Debug builds run in small VMs with higher scheduling overhead, so
thresholds are relaxed. Coverage-instrumented builds collect profraw
data for code coverage analysis; all assertion and monitor threshold
checks run normally.

### Monitor checks

| Threshold | Default | Rationale |
|---|---|---|
| `max_imbalance_ratio` | 4.0 | Max/min `nr_running` across CPUs. Lower values (2-3) false-positive during cpuset transitions. |
| `max_local_dsq_depth` | 50 | Per-CPU dispatch queue overflow. Sustained depth above this means the scheduler is not consuming dispatched tasks. |
| `fail_on_stall` | true | Fail when `rq_clock` does not advance on a CPU with runnable tasks. Idle CPUs (NOHZ) and preempted vCPUs are exempt. |
| `sustained_samples` | 5 | At ~100ms sample interval, requires ~500ms of sustained violation. Filters transient spikes from cpuset reconfiguration. |
| `max_fallback_rate` | 200.0/s | `select_cpu_fallback` events per second across all CPUs. Sustained rate indicates systematic `select_cpu` failure. |
| `max_keep_last_rate` | 100.0/s | `dispatch_keep_last` events per second across all CPUs. Sustained rate indicates dispatch starvation. |

All monitor thresholds use the `sustained_samples` window -- a
violation must persist for N consecutive samples before failing.
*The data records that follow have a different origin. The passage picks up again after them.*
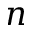Convert formula to latex. <formula><loc_0><loc_0><loc_500><loc_500>n</formula> 
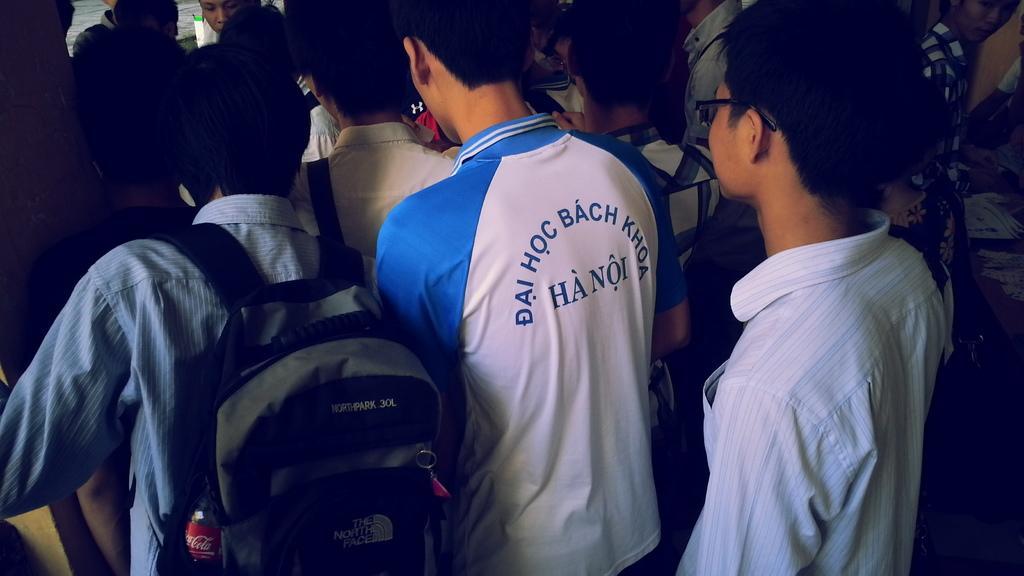Describe this image in one or two sentences. In this picture there are some people. We can observe a person holding a bag on his shoulders which is in black color. On the right side we can observe a boy wearing spectacles. All of them were men. 
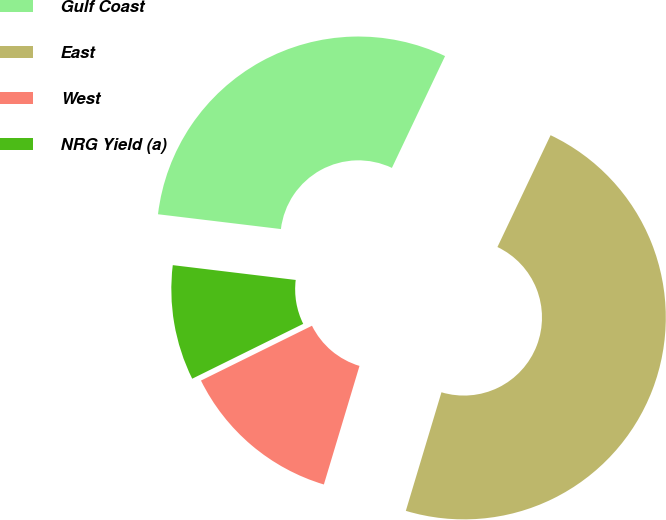Convert chart. <chart><loc_0><loc_0><loc_500><loc_500><pie_chart><fcel>Gulf Coast<fcel>East<fcel>West<fcel>NRG Yield (a)<nl><fcel>30.15%<fcel>47.58%<fcel>13.05%<fcel>9.21%<nl></chart>

## Worker checks via Assert

`Assert` provides `assert_cgroup()` for running worker-side checks
directly against collected reports:

```rust,ignore
let a = Assert::default_checks().max_gap_ms(5000);
let result = a.assert_cgroup(&reports, Some(&cpuset));
```

Use `Assert` for both the merge chain (`#[ktstr_test]` attributes,
`Scheduler.assert`, `execute_steps_with`) and direct report checking.

## Constants

- `Assert::NONE` -- all checks disabled, all overrides `None`.
- `Assert::default_checks()` -- `not_starved` enabled, monitor
  thresholds populated from `MonitorThresholds::DEFAULT`.

## AssertResult

`AssertResult` carries pass/fail status, diagnostic messages, and
aggregated statistics from a scenario run.

### Construction

- `AssertResult::pass()` -- creates a passing result with empty
  details and default stats.
- `AssertResult::skip(reason)` -- creates a passing result with a
  skip reason in `details`. Used when a scenario cannot run under the
  current topology or flag combination but is not a failure.

### Fields

- `passed: bool` -- whether all checks passed.
- `details: Vec<String>` -- human-readable diagnostic messages
  (failure reasons, warnings, skip reasons).
- `stats: ScenarioStats` -- aggregated worker telemetry across all
  cgroups (spread, gaps, migrations, wake latency, iterations).

### Merging

`result.merge(other)` combines two results. If `other.passed` is
false, the merged result is also false. Details and stats are
accumulated:

```rust,ignore
let mut combined = AssertResult::pass();
combined.merge(cgroup_0_result);
combined.merge(cgroup_1_result);
// combined.passed is false if either cgroup failed
// combined.details contains messages from both
```

Stats merging takes worst values across cgroups for spread, gap, wake
latency, and migration ratio. Counters (workers, cpus, migrations,
iterations) are summed.

For examples of overriding thresholds at the scheduler and per-test
level, see [Customize Verification](../recipes/custom-verification.md).